Vida e Saúde
Ômega 3: suplemento popular pode ter efeito colateral negativo, aponta estudo
Trabalho foi publicado na revista científica Cell Reports
O suplemento de ácido graxo ômega-3 EPA (ácido eicosapentaenoico), conhecido por sua atuação no cérebro, apresentou um efeito colateral inesperado quando consumido após lesão cerebral. Um novo estudo publicado na revista científica Cell Reports revelou que o EPA pode prejudicar o processo de cicatrização cerebral.
Os pesquisadores observaram que ratos com traumatismo craniano apresentaram desempenho inferior em tarefas de memória espacial e aprendizagem após as lesões quando consumiram o suplemento.
Além disso, a presença de EPA em vasos sanguíneos contribui para o acúmulo de proteínas tau tóxicas, associadas à degeneração cerebral.
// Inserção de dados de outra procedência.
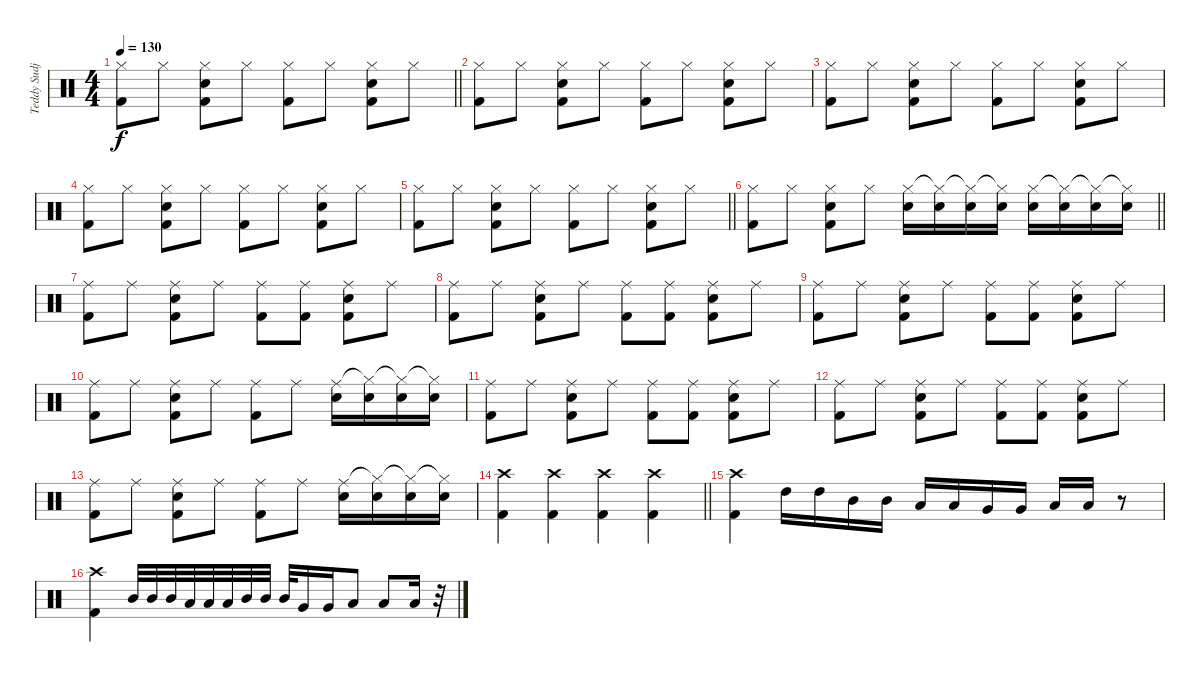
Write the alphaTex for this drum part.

\track ("Teddy Sudjaya (drum)" "Teddy Sudj") {instrument percussion}
\staff {score}
\articulation defaults
\ts (4 4)
\tempo 130
\clef neutral
\barLineRight lightlight
\ks c
("Hi-Hat (closed)" "Kick (hit) 2").8{dy f} "Hi-Hat (closed)".8 ("Snare (hit) 2" "Hi-Hat (closed)" "Kick (hit) 2").8 "Hi-Hat (closed)".8 ("Hi-Hat (closed)" "Kick (hit) 2").8 "Hi-Hat (closed)".8 ("Snare (hit) 2" "Hi-Hat (closed)" "Kick (hit) 2").8 "Hi-Hat (closed)".8 |
("Hi-Hat (closed)" "Kick (hit) 2").8 "Hi-Hat (closed)".8 ("Snare (hit) 2" "Hi-Hat (closed)" "Kick (hit) 2").8 "Hi-Hat (closed)".8 ("Hi-Hat (closed)" "Kick (hit) 2").8 "Hi-Hat (closed)".8 ("Snare (hit) 2" "Hi-Hat (closed)" "Kick (hit) 2").8 "Hi-Hat (closed)".8 |
("Hi-Hat (closed)" "Kick (hit) 2").8 "Hi-Hat (closed)".8 ("Snare (hit) 2" "Hi-Hat (closed)" "Kick (hit) 2").8 "Hi-Hat (closed)".8 ("Hi-Hat (closed)" "Kick (hit) 2").8 "Hi-Hat (closed)".8 ("Snare (hit) 2" "Hi-Hat (closed)" "Kick (hit) 2").8 "Hi-Hat (closed)".8 |
("Hi-Hat (closed)" "Kick (hit) 2").8 "Hi-Hat (closed)".8 ("Hi-Hat (closed)" "Snare (hit) 2" "Kick (hit) 2").8 "Hi-Hat (closed)".8 ("Hi-Hat (closed)" "Kick (hit) 2").8 "Hi-Hat (closed)".8 ("Hi-Hat (closed)" "Snare (hit) 2" "Kick (hit) 2").8 "Hi-Hat (closed)".8 |
\barLineRight lightlight
("Hi-Hat (closed)" "Kick (hit) 2").8 "Hi-Hat (closed)".8 ("Hi-Hat (closed)" "Snare (hit) 2" "Kick (hit) 2").8 "Hi-Hat (closed)".8 ("Hi-Hat (closed)" "Kick (hit) 2").8 "Hi-Hat (closed)".8 ("Hi-Hat (closed)" "Snare (hit) 2" "Kick (hit) 2").8 "Hi-Hat (closed)".8 |
\barLineRight lightlight
("Hi-Hat (closed)" "Kick (hit) 2").8 "Hi-Hat (closed)".8 ("Hi-Hat (closed)" "Snare (hit) 2" "Kick (hit) 2").8 "Hi-Hat (closed)".8 ("Hi-Hat (closed)" "Snare (hit) 2").16 ("Hi-Hat (closed)"{t} "Snare (hit) 2").16 ("Hi-Hat (closed)"{t} "Snare (hit) 2").16 ("Hi-Hat (closed)"{t} "Snare (hit) 2").16 ("Hi-Hat (closed)" "Snare (hit) 2").16 ("Hi-Hat (closed)"{t} "Snare (hit) 2").16 ("Hi-Hat (closed)"{t} "Snare (hit) 2").16 ("Hi-Hat (closed)"{t} "Snare (hit) 2").16 |
("Ride (middle)" "Kick (hit) 2").8 "Ride (middle)".8 ("Ride (middle)" "Snare (hit) 2" "Kick (hit) 2").8 "Ride (middle)".8 ("Ride (middle)" "Kick (hit) 2").8 ("Ride (middle)" "Kick (hit) 2").8 ("Ride (middle)" "Snare (hit) 2" "Kick (hit) 2").8 "Ride (middle)".8 |
("Ride (middle)" "Kick (hit) 2").8 "Ride (middle)".8 ("Ride (middle)" "Snare (hit) 2" "Kick (hit) 2").8 "Ride (middle)".8 ("Ride (middle)" "Kick (hit) 2").8 ("Ride (middle)" "Kick (hit) 2").8 ("Ride (middle)" "Snare (hit) 2" "Kick (hit) 2").8 "Ride (middle)".8 |
("Ride (middle)" "Kick (hit) 2").8 "Ride (middle)".8 ("Ride (middle)" "Snare (hit) 2" "Kick (hit) 2").8 "Ride (middle)".8 ("Ride (middle)" "Kick (hit) 2").8 ("Ride (middle)" "Kick (hit) 2").8 ("Ride (middle)" "Snare (hit) 2" "Kick (hit) 2").8 "Ride (middle)".8 |
("Ride (middle)" "Kick (hit) 2").8 "Ride (middle)".8 ("Ride (middle)" "Snare (hit) 2" "Kick (hit) 2").8 "Ride (middle)".8 ("Ride (middle)" "Kick (hit) 2").8 "Ride (middle)".8 ("Ride (middle)" "Snare (hit) 2").16 ("Hi-Hat (closed)"{t} "Snare (hit) 2").16 ("Hi-Hat (closed)"{t} "Snare (hit) 2").16 ("Hi-Hat (closed)"{t} "Snare (hit) 2").16 |
("Ride (middle)" "Kick (hit) 2").8 "Ride (middle)".8 ("Ride (middle)" "Snare (hit) 2" "Kick (hit) 2").8 "Ride (middle)".8 ("Ride (middle)" "Kick (hit) 2").8 ("Ride (middle)" "Kick (hit) 2").8 ("Ride (middle)" "Snare (hit) 2" "Kick (hit) 2").8 "Ride (middle)".8 |
("Ride (middle)" "Kick (hit) 2").8 "Ride (middle)".8 ("Ride (middle)" "Snare (hit) 2" "Kick (hit) 2").8 "Ride (middle)".8 ("Ride (middle)" "Kick (hit) 2").8 ("Ride (middle)" "Kick (hit) 2").8 ("Ride (middle)" "Snare (hit) 2" "Kick (hit) 2").8 "Ride (middle)".8 |
("Ride (middle)" "Kick (hit) 2").8 "Ride (middle)".8 ("Ride (middle)" "Snare (hit) 2" "Kick (hit) 2").8 "Ride (middle)".8 ("Ride (middle)" "Kick (hit) 2").8 "Ride (middle)".8 ("Ride (middle)" "Snare (hit) 2").16 ("Hi-Hat (closed)"{t} "Snare (hit) 2").16 ("Hi-Hat (closed)"{t} "Snare (hit) 2").16 ("Hi-Hat (closed)"{t} "Snare (hit) 2").16 |
\barLineRight lightlight
("Crash high (hit)" "Kick (hit) 2").4 ("Crash high (hit)" "Kick (hit) 2").4 ("Crash high (hit)" "Kick (hit) 2").4 ("Crash high (hit)" "Kick (hit) 2").4 |
("Crash high (hit)" "Kick (hit) 2").4 "High Tom (hit)".16 "High Tom (hit)".16 "Mid Tom (hit)".16 "Mid Tom (hit)".16 "Low Tom (hit)".16 "Low Tom (hit)".16 "Very Low Tom (hit)".16 "Very Low Tom (hit)".16 "Low Floor Tom (hit)".16 "Low Floor Tom (hit)".16 r.8 |
("Crash high (hit)" "Kick (hit) 2").4 "Mid Tom (hit)".32 "Mid Tom (hit)".32 "Mid Tom (hit)".32 "Low Tom (hit)".32 "Low Tom (hit)".32 "Low Tom (hit)".32 "Mid Tom (hit)".32 "Mid Tom (hit)".32 "Mid Tom (hit)".32 "Very Low Tom (hit)".16 "Very Low Tom (hit)".16 "Low Floor Tom (hit)".8 "Low Floor Tom (hit)".8 "Low Floor Tom (hit)".16 r.32

Para a pesquisa, a equipe analisou como o consumo prolongado de suplementos de óleo de peixe influenciava a resposta cerebral após impactos leves repetidos na cabeça dos ratos. Também estou investigando o revestimento vascular do cérebro, utilizando células endoteliais microvasculares humanas, essenciais para manter a barreira entre o cérebro e a corrente sanguínea. Os achados foram comparados com tecidos post-mortem de casos de encefalopatia traumática crônica (ETC) em pessoas com histórico de lesões traumáticas repetitivas.
A partir desses dados, os cientistas levantaram a hipótese de que os suplementos de óleo de peixe contendo EPA podem aumentar o risco de ETC, ao desencadear um efeito em cadeia que prejudica a recuperação celular e agrava os efeitos dos níveis de concussões.
"Os suplementos de óleo de peixe estão em toda parte, e as pessoas os consomem por diversas razões, muitas vezes sem compreender seus efeitos a longo prazo. Em neurociência, ainda não sabemos se o cérebro apresenta resiliência ou resistência a esse suplemento. Por isso, nosso estudo é pioneiro na área", explica o neurocientista e pesquisador principal Onder Albayram, da Universidade Médica da Carolina do Sul (MUSC).
O ácido docosahexaenoico (DHA), também presente nos suplementos de óleo de peixe, não está declarado associação com esse efeito colateral. Segundo a equipe, isso pode estar relacionado a diferentes mecanismos biológicos dos dois ácidos graxos.
A EPA segue uma via biológica com incorporação mais restrita às membranas celulares e pode apresentar efeitos variados conforme a duração da exposição e o contexto fisiológico. Já o DHA é um componente estrutural importante das membranas neuronais.
"Não estou afirmando que o óleo de peixe seja bom ou ruim de forma universal. O que nossos dados evidenciam é que a biologia depende do contexto. Precisamos entender como esses suplementos agem no organismo ao longo do tempo, em vez de presumir que os efeitos são iguais para todos", conclui Albayram.